Le facteur énergétique

Le jour même où les difficultés d'approvisionnement de DELL s'invitaient dans les débats, les cours du pétrole ont légèrement fléchi. Ce recul s'explique par l'annonce d'un projet d'extension de cessez-le-feu de 60 jours entre les États-Unis et l'Iran, un accord conclu mais toujours suspendu à l'approbation finale de Donald Trump. Le détroit d'Ormuz, par lequel transite environ 20 % du commerce mondial de pétrole, intégrait une prime de risque géopolitique persistante depuis l'intensification des tensions. Une prolongation de 60 jours écarte temporairement le risque de rupture physique de l'approvisionnement énergétique. Le marché a interprété cela comme la disparition d'un facteur de risque plutôt que comme un signal de relance économique. Les obligations du Trésor américain ont progressé parallèlement aux actions, ce qui caractérise une compression de la prime de risque globale et non une réévaluation à la hausse de la croissance. Le lien avec le secteur des infrastructures d'IA est indirect mais bien réel : le coût de l'énergie constitue le principal poste de dépenses opérationnelles pour les centres de données hyperscale.

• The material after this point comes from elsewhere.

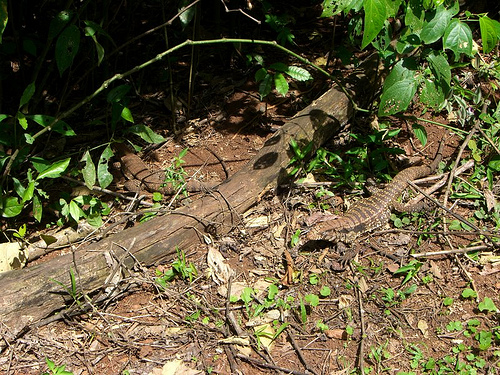<image>
Can you confirm if the leaf is in front of the sand? Yes. The leaf is positioned in front of the sand, appearing closer to the camera viewpoint. Where is the lizard in relation to the ground? Is it in front of the ground? No. The lizard is not in front of the ground. The spatial positioning shows a different relationship between these objects. 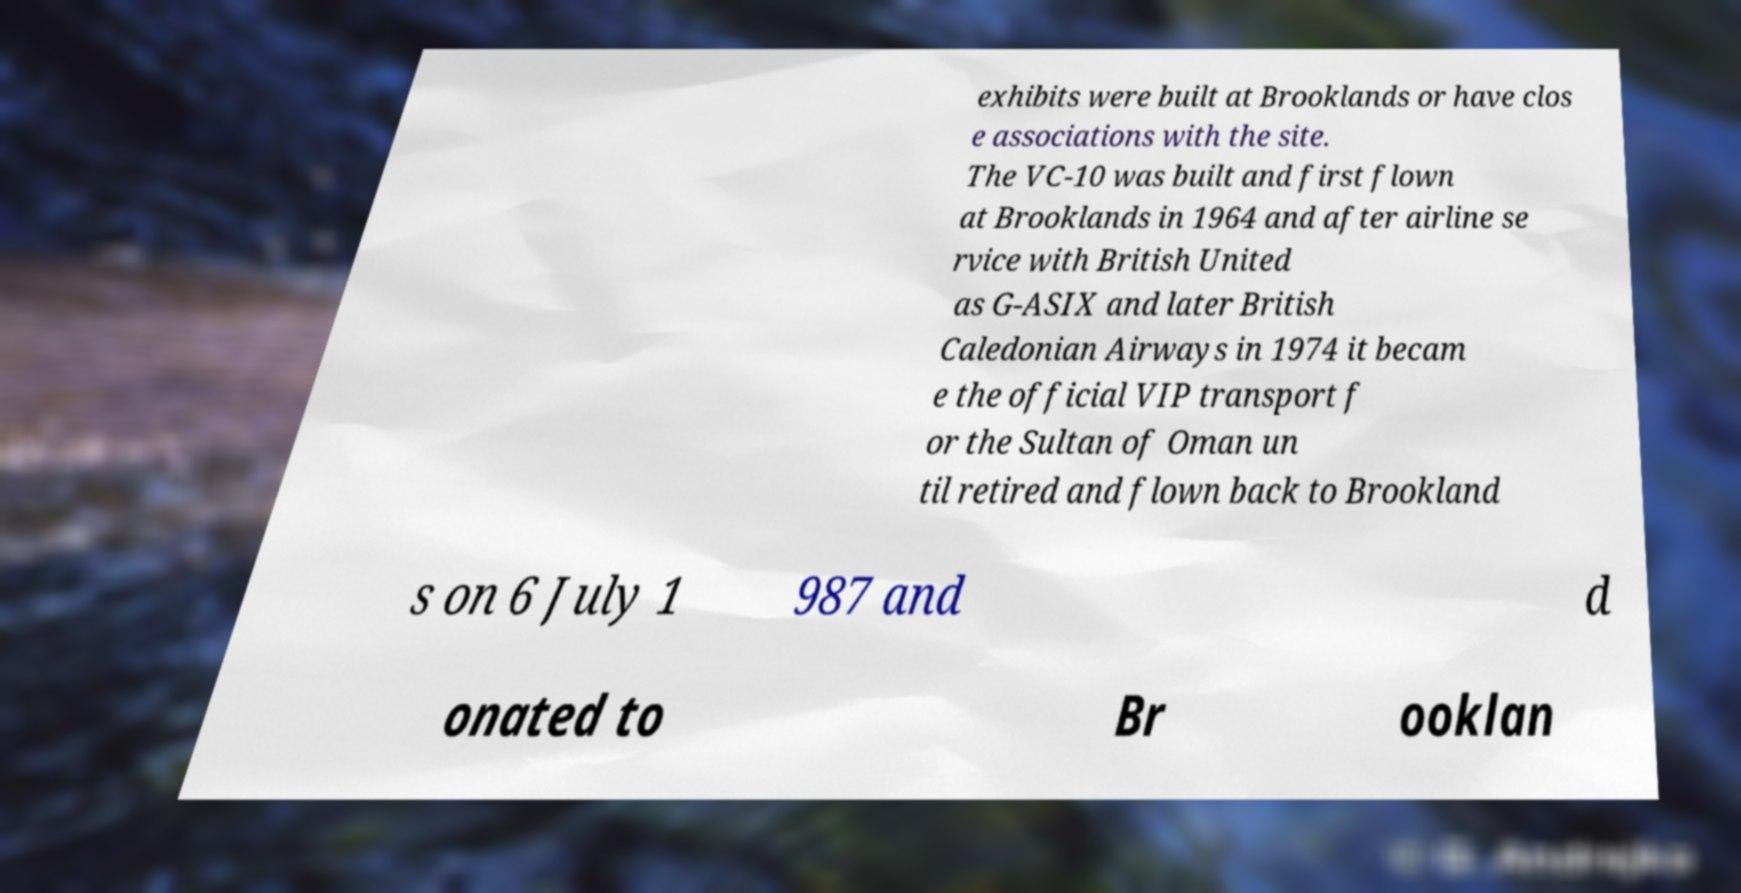Can you read and provide the text displayed in the image?This photo seems to have some interesting text. Can you extract and type it out for me? exhibits were built at Brooklands or have clos e associations with the site. The VC-10 was built and first flown at Brooklands in 1964 and after airline se rvice with British United as G-ASIX and later British Caledonian Airways in 1974 it becam e the official VIP transport f or the Sultan of Oman un til retired and flown back to Brookland s on 6 July 1 987 and d onated to Br ooklan

Un pétrole stable et orienté à la baisse élimine une variable majeure du modèle de coût des dépenses d'investissement (capex). Ce modèle est précisément celui qu'utilisent les exploitants de centres de données pour évaluer la rentabilité du déploiement des serveurs d'intelligence artificielle. Les flux institutionnels étrangers vers les actions américaines ont ainsi combiné deux facteurs distincts : la réévaluation des multiples des fabricants de matériel informatique et la réduction des risques énergétiques sur les coûts de fonctionnement. Ces deux éléments ont convergé pour soutenir la hausse générale des marchés. La question reste désormais de savoir si cette trêve de 60 jours débouchera sur un accord durable ou si elle expirera pour laisser place à de nouvelles perturbations. Cette alternative influencera l'économie globale du déploiement de l'IA bien plus que le cours de bourse à court terme de DELL, dont les prévisions sont déjà établies. Ce sont les décisions d'investissement des hyperscalers, moteurs de la demande de serveurs DELL, qui en subiront l'impact à long terme.